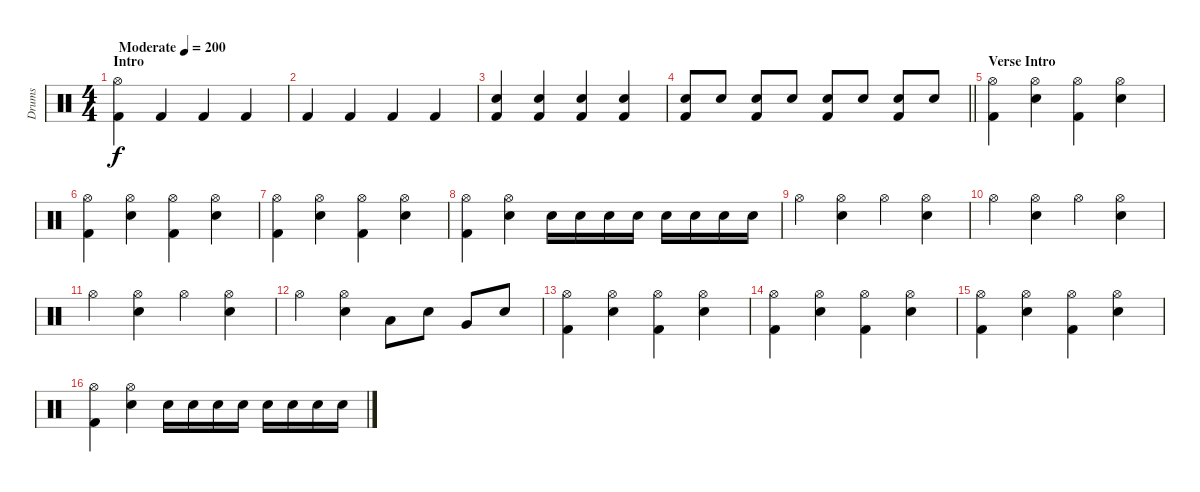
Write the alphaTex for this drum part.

\track ("Drums" "Drums") {instrument percussion}
\staff {score}
\articulation defaults
\ts (4 4)
\section ("" "Intro")
\tempo (200 "Moderate")
\clef neutral
\ks c
("Hi-Hat (open)" "Kick (hit) 2").4{dy f} "Kick (hit) 2".4 "Kick (hit) 2".4 "Kick (hit) 2".4 |
"Kick (hit) 2".4 "Kick (hit) 2".4 "Kick (hit) 2".4 "Kick (hit) 2".4 |
("Snare (hit) 2" "Kick (hit) 2").4 ("Snare (hit) 2" "Kick (hit) 2").4 ("Snare (hit) 2" "Kick (hit) 2").4 ("Snare (hit) 2" "Kick (hit) 2").4 |
\barLineRight lightlight
("Snare (hit) 2" "Kick (hit) 2").8 "Snare (hit) 2".8 ("Snare (hit) 2" "Kick (hit) 2").8 "Snare (hit) 2".8 ("Snare (hit) 2" "Kick (hit) 2").8 "Snare (hit) 2".8 ("Snare (hit) 2" "Kick (hit) 2").8 "Snare (hit) 2".8 |
\section ("" "Verse Intro")
("Hi-Hat (open)" "Kick (hit) 2").4 ("Hi-Hat (open)" "Snare (hit) 2").4 ("Hi-Hat (open)" "Kick (hit) 2").4 ("Hi-Hat (open)" "Snare (hit) 2").4 |
("Hi-Hat (open)" "Kick (hit) 2").4 ("Hi-Hat (open)" "Snare (hit) 2").4 ("Hi-Hat (open)" "Kick (hit) 2").4 ("Hi-Hat (open)" "Snare (hit) 2").4 |
("Hi-Hat (open)" "Kick (hit) 2").4 ("Hi-Hat (open)" "Snare (hit) 2").4 ("Hi-Hat (open)" "Kick (hit) 2").4 ("Hi-Hat (open)" "Snare (hit) 2").4 |
("Hi-Hat (open)" "Kick (hit) 2").4 ("Hi-Hat (open)" "Snare (hit) 2").4 "Snare (hit) 2".16 "Snare (hit) 2".16 "Snare (hit) 2".16 "Snare (hit) 2".16 "Snare (hit) 2".16 "Snare (hit) 2".16 "Snare (hit) 2".16 "Snare (hit) 2".16 |
"Hi-Hat (open)".4 ("Hi-Hat (open)" "Snare (hit) 2").4 "Hi-Hat (open)".4 ("Hi-Hat (open)" "Snare (hit) 2").4 |
"Hi-Hat (open)".4 ("Hi-Hat (open)" "Snare (hit) 2").4 "Hi-Hat (open)".4 ("Hi-Hat (open)" "Snare (hit) 2").4 |
"Hi-Hat (open)".4 ("Hi-Hat (open)" "Snare (hit) 2").4 "Hi-Hat (open)".4 ("Hi-Hat (open)" "Snare (hit) 2").4 |
"Hi-Hat (open)".4 ("Hi-Hat (open)" "Snare (hit) 2").4 "Low Floor Tom (hit)".8 "Snare (hit) 2".8 "Very Low Tom (hit)".8 "Snare (hit) 2".8 |
("Hi-Hat (open)" "Kick (hit) 2").4 ("Hi-Hat (open)" "Snare (hit) 2").4 ("Hi-Hat (open)" "Kick (hit) 2").4 ("Hi-Hat (open)" "Snare (hit) 2").4 |
("Hi-Hat (open)" "Kick (hit) 2").4 ("Hi-Hat (open)" "Snare (hit) 2").4 ("Hi-Hat (open)" "Kick (hit) 2").4 ("Hi-Hat (open)" "Snare (hit) 2").4 |
("Hi-Hat (open)" "Kick (hit) 2").4 ("Hi-Hat (open)" "Snare (hit) 2").4 ("Hi-Hat (open)" "Kick (hit) 2").4 ("Hi-Hat (open)" "Snare (hit) 2").4 |
("Hi-Hat (open)" "Kick (hit) 2").4 ("Hi-Hat (open)" "Snare (hit) 2").4 "Snare (hit) 2".16 "Snare (hit) 2".16 "Snare (hit) 2".16 "Snare (hit) 2".16 "Snare (hit) 2".16 "Snare (hit) 2".16 "Snare (hit) 2".16 "Snare (hit) 2".16

» **THE PROBLEM**
Your answer must be an exact copy of the records, free of images.

» **TASK OUTPUT**
Write the alphaTex for this drum part.

\track ("Drums" "Drums") {instrument percussion}
\staff {score}
\articulation defaults
\ts (4 4)
\section ("" "Intro")
\tempo (200 "Moderate")
\clef neutral
\ks c
("Hi-Hat (open)" "Kick (hit) 2").4{dy f} "Kick (hit) 2".4 "Kick (hit) 2".4 "Kick (hit) 2".4 |
"Kick (hit) 2".4 "Kick (hit) 2".4 "Kick (hit) 2".4 "Kick (hit) 2".4 |
("Snare (hit) 2" "Kick (hit) 2").4 ("Snare (hit) 2" "Kick (hit) 2").4 ("Snare (hit) 2" "Kick (hit) 2").4 ("Snare (hit) 2" "Kick (hit) 2").4 |
\barLineRight lightlight
("Snare (hit) 2" "Kick (hit) 2").8 "Snare (hit) 2".8 ("Snare (hit) 2" "Kick (hit) 2").8 "Snare (hit) 2".8 ("Snare (hit) 2" "Kick (hit) 2").8 "Snare (hit) 2".8 ("Snare (hit) 2" "Kick (hit) 2").8 "Snare (hit) 2".8 |
\section ("" "Verse Intro")
("Hi-Hat (open)" "Kick (hit) 2").4 ("Hi-Hat (open)" "Snare (hit) 2").4 ("Hi-Hat (open)" "Kick (hit) 2").4 ("Hi-Hat (open)" "Snare (hit) 2").4 |
("Hi-Hat (open)" "Kick (hit) 2").4 ("Hi-Hat (open)" "Snare (hit) 2").4 ("Hi-Hat (open)" "Kick (hit) 2").4 ("Hi-Hat (open)" "Snare (hit) 2").4 |
("Hi-Hat (open)" "Kick (hit) 2").4 ("Hi-Hat (open)" "Snare (hit) 2").4 ("Hi-Hat (open)" "Kick (hit) 2").4 ("Hi-Hat (open)" "Snare (hit) 2").4 |
("Hi-Hat (open)" "Kick (hit) 2").4 ("Hi-Hat (open)" "Snare (hit) 2").4 "Snare (hit) 2".16 "Snare (hit) 2".16 "Snare (hit) 2".16 "Snare (hit) 2".16 "Snare (hit) 2".16 "Snare (hit) 2".16 "Snare (hit) 2".16 "Snare (hit) 2".16 |
"Hi-Hat (open)".4 ("Hi-Hat (open)" "Snare (hit) 2").4 "Hi-Hat (open)".4 ("Hi-Hat (open)" "Snare (hit) 2").4 |
"Hi-Hat (open)".4 ("Hi-Hat (open)" "Snare (hit) 2").4 "Hi-Hat (open)".4 ("Hi-Hat (open)" "Snare (hit) 2").4 |
"Hi-Hat (open)".4 ("Hi-Hat (open)" "Snare (hit) 2").4 "Hi-Hat (open)".4 ("Hi-Hat (open)" "Snare (hit) 2").4 |
"Hi-Hat (open)".4 ("Hi-Hat (open)" "Snare (hit) 2").4 "Low Floor Tom (hit)".8 "Snare (hit) 2".8 "Very Low Tom (hit)".8 "Snare (hit) 2".8 |
("Hi-Hat (open)" "Kick (hit) 2").4 ("Hi-Hat (open)" "Snare (hit) 2").4 ("Hi-Hat (open)" "Kick (hit) 2").4 ("Hi-Hat (open)" "Snare (hit) 2").4 |
("Hi-Hat (open)" "Kick (hit) 2").4 ("Hi-Hat (open)" "Snare (hit) 2").4 ("Hi-Hat (open)" "Kick (hit) 2").4 ("Hi-Hat (open)" "Snare (hit) 2").4 |
("Hi-Hat (open)" "Kick (hit) 2").4 ("Hi-Hat (open)" "Snare (hit) 2").4 ("Hi-Hat (open)" "Kick (hit) 2").4 ("Hi-Hat (open)" "Snare (hit) 2").4 |
("Hi-Hat (open)" "Kick (hit) 2").4 ("Hi-Hat (open)" "Snare (hit) 2").4 "Snare (hit) 2".16 "Snare (hit) 2".16 "Snare (hit) 2".16 "Snare (hit) 2".16 "Snare (hit) 2".16 "Snare (hit) 2".16 "Snare (hit) 2".16 "Snare (hit) 2".16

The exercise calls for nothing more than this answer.